Producers concerned about forwards compatibility of their product among users benefit if they can make changes to, say, the API of their project then simply find all users in the public repository and push changes to them. This would be similar in concept to making a change to GNU Math and pushing the API update through to every user of GNU Math on all of SourceForge. Other people than the producer may also go through and fix such things (wiki-gnoming supported by unit tests?).

Others will tweak for integration, modify, refactor away duplicated efforts (e.g. "yet another implementation of ackermann function" (as a highly contrived example)), etc. If concerned about toes being stepped upon, the producer may choose to keep a private version of the project in a private repository that inherits (in distributed version control fashion) from a public repository. With DVC this allows cherry-picking of changes made to his/her work, and allows pushing of updates he/she makes. If feeling lazy, the producer may simply allow others to pull from his private repository and cherry-pick/push changes to the public one themselves. Maintenance of a private repository is the common case today.

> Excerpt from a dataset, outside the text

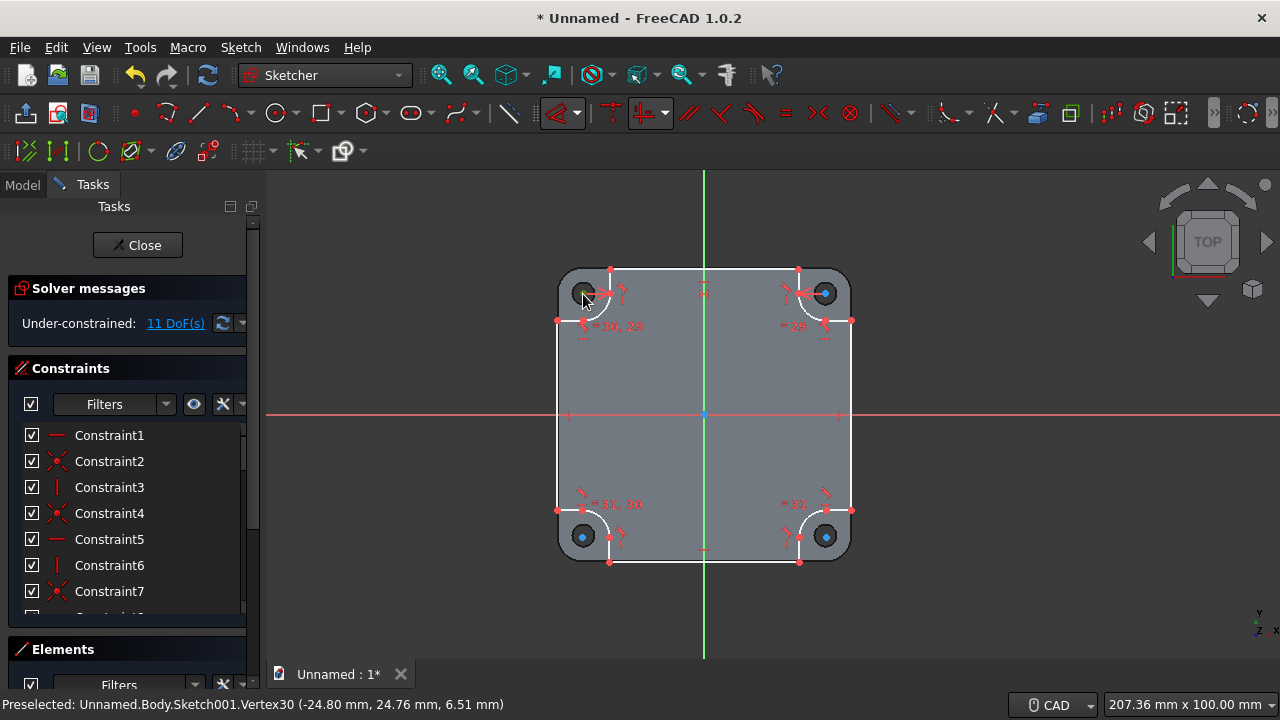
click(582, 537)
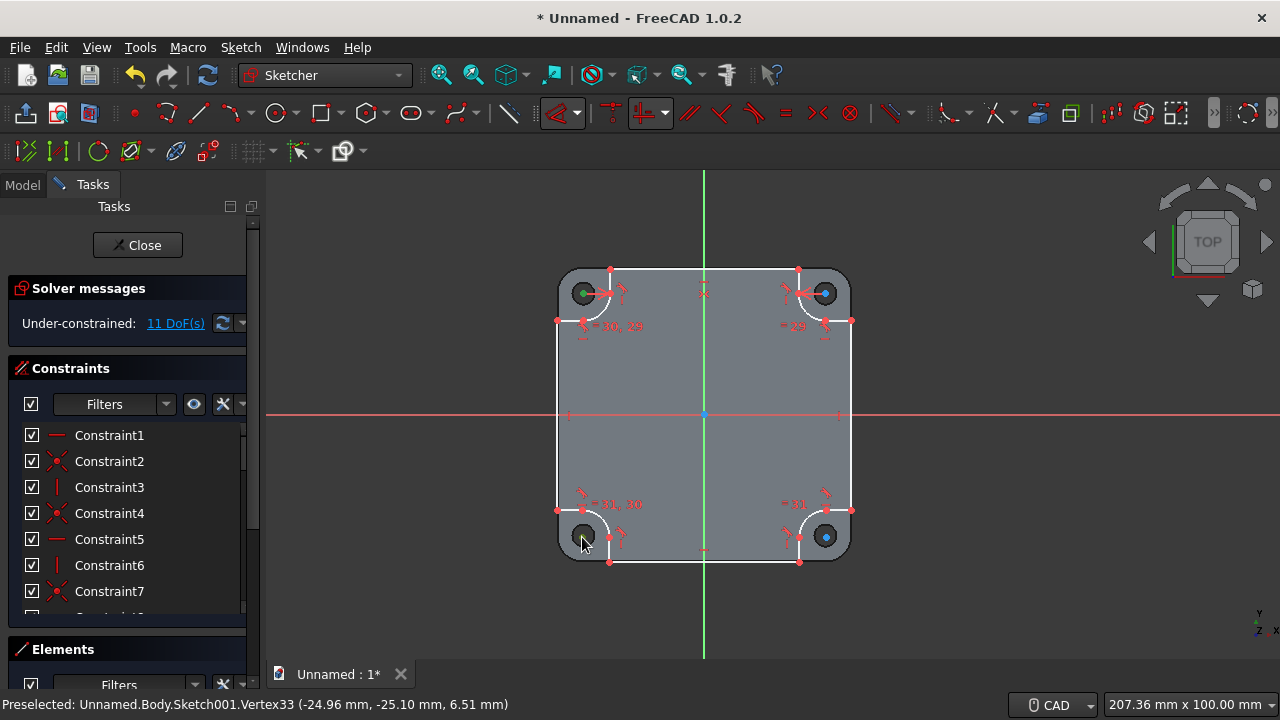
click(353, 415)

The life of a producer is, thus, no worse than it is today, and is possibly much better... especially so if the library/framework/etc. utilizes other libraries, or if the producer isn't the sort of masochistic genius programmer who has and applies the foresight such that the resulting product is 'perfect'.

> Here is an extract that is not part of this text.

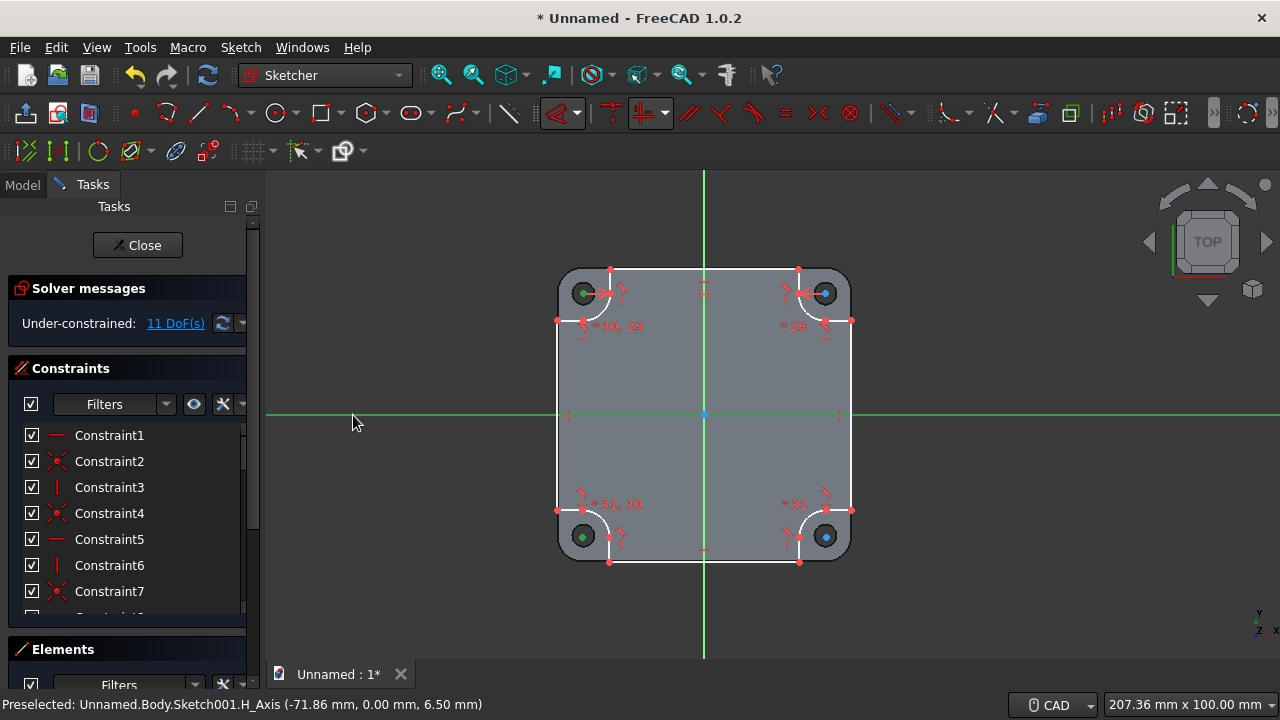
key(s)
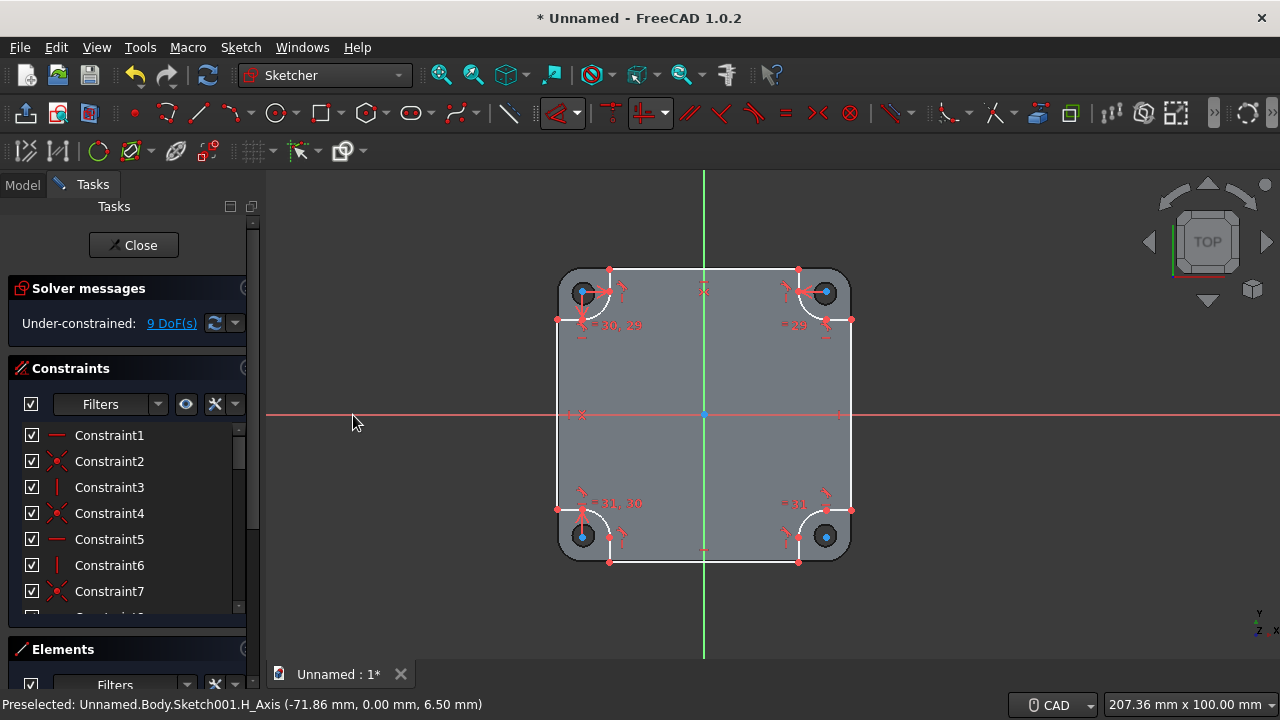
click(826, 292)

As a producer, I would be more willing to have my code modified or references to external code added if the language provides whole-program and partial-evaluation optimizations such that tweaks like adding parameters to functions doesn't bloat the code for fixed parameters, and referencing other pages doesn't introduce need for more separately compiled components. (The benefits associated with separate compilation can readily be achieved by other vectors.) I'm also less likely to have problems if such changes can be guaranteed to not introduce concurrency (deadlock, safety) and security concerns.

3) collaborator - actively communicating programmers aiming to achieve a product that resolves cross-cutting concerns. Example products would be a robot command+control protocol, or a graphics library, or a common scene graph system for a virtual world interconnect. We can presume collaborators include consumers who each have motivations pushing for certain changes or additions, along with producers who actually know enough to really make the changes but lack the resources to try all of them.

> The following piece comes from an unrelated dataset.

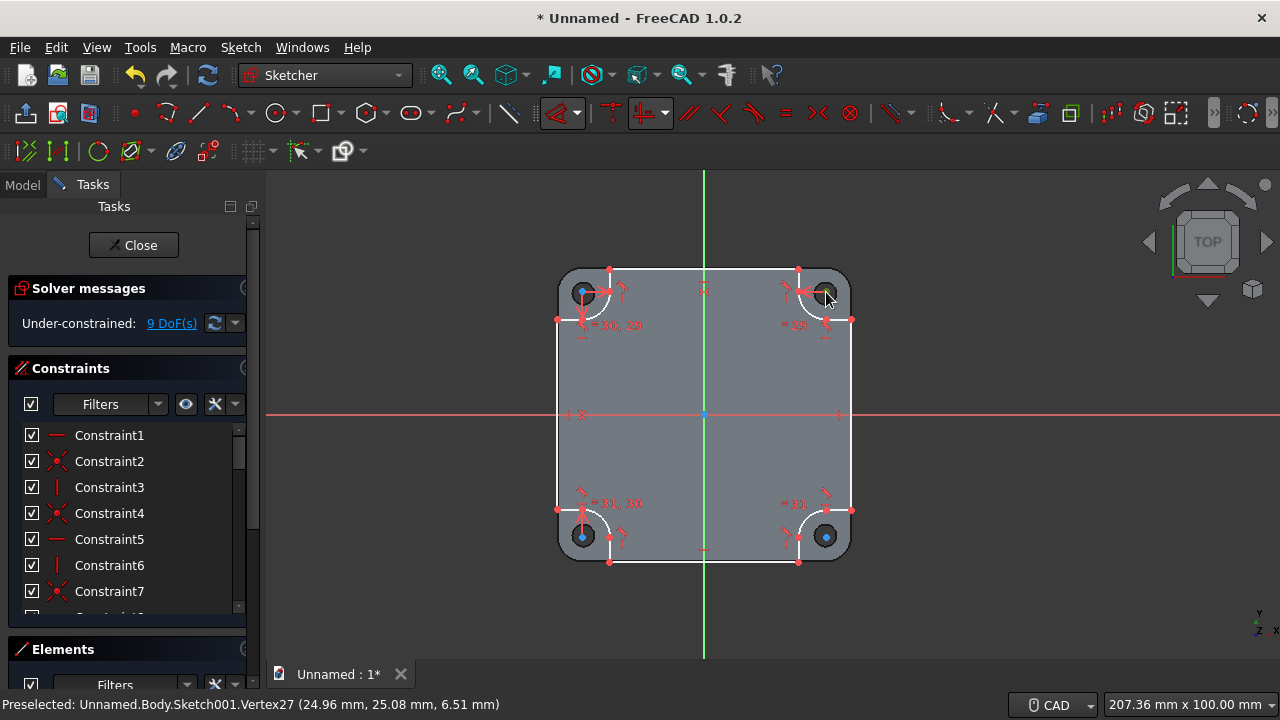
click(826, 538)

Distributed version control and public repositories help a great deal for collaborators that are willing to participate in it. All collaborators are aided if it is easy to branch the whole system, try a change, integrate it, and test the integration. and commit it back if it produces the desired effect and all the unit and integration tests pass. Consumer collaborators thus have an easier time operating as producers of the system, and producer collaborators have greater access to a testbed. If the public repository can include a class of 'tests' that are run every time dependencies change and alert the appropriate individuals of the failure, so much the better.

Language design decisions that aid the collaborators include first-class support for service configurations, such that they can be abstracted, fired up and tested, instantiated with references too the real world to get real services running, etc. in addition to support for confinement so that such tests don't interact with the 'real' world, and support for overriding aspects of processes such that, for example, the state inside a process/actor can be replaced with a reference to a database allowing systematic observations and unit/integration testing.

-------------

Of course, all this doesn't touch on other classes of users such as those with continuously running services, and those who wish to upgrade clients and services at runtime without touching the code with which said clients or services are written. There are language design decisions that help these guys a lot, too, including support for automatic distribution of code (so clients can put agents near services and vice versa), security, recognition of relative levels of distrust, and support for arbitrary distributed transactions (which allows ad-hoc composition of protocols and services without introducing race conditions).

Data, "Scalability"

Here's where there is a lot of room for a curious researcher, in my opinion. You guys have a good back and forth about 'individuals', but wouldn't it be interesting to do a survey to see what sorts of social programming models prevail? You could look at how much code is written by how many people, and in groups, what the distribution is like. You could look at the influence (or rather, correlation) of languages on those numbers.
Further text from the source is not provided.